• _Required work_
Report every line below that carries the word "each".

• _Provided information_
• • •
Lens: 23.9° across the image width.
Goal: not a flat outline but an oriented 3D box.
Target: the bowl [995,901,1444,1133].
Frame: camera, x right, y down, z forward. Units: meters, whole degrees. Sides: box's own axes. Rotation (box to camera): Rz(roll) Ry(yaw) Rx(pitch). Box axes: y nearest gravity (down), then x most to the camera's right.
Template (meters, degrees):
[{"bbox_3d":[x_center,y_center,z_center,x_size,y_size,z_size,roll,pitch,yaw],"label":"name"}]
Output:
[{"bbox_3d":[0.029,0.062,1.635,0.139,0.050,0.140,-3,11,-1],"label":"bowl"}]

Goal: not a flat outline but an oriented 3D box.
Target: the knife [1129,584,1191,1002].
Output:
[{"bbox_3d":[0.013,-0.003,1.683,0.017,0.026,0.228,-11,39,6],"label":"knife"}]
• • •
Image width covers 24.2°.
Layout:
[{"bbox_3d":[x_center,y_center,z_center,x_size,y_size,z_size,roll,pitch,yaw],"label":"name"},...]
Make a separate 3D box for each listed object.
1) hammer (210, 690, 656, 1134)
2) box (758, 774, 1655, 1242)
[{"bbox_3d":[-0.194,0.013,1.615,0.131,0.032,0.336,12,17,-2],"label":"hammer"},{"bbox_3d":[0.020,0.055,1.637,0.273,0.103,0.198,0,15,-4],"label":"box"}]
• • •
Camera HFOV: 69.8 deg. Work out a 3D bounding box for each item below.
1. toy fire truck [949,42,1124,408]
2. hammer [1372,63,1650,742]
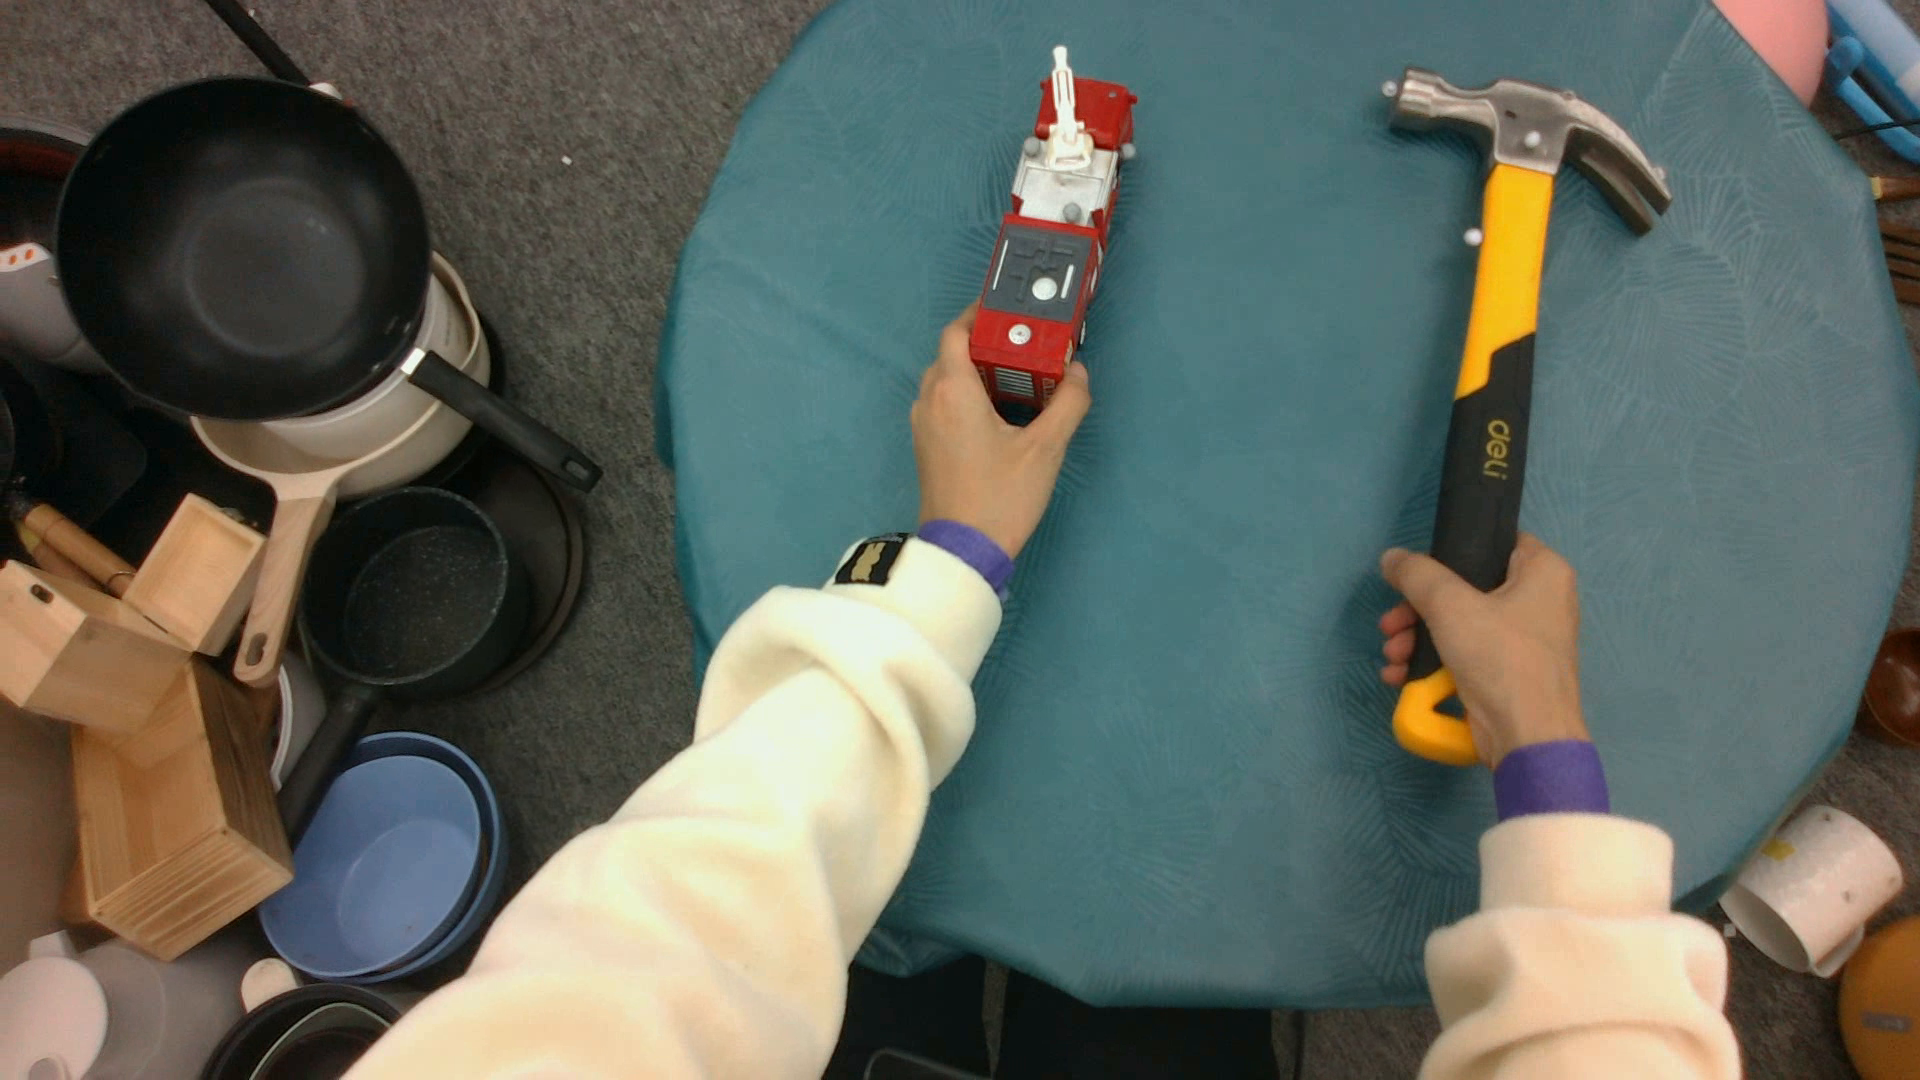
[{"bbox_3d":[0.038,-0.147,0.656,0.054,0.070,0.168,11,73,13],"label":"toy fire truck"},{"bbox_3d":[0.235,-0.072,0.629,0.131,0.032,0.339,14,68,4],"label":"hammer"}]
• • •
• _Solution_
Make a separate 3D box for each listed object.
Camera HFOV: 69.8 deg. Work out a 3D bounding box for each item below.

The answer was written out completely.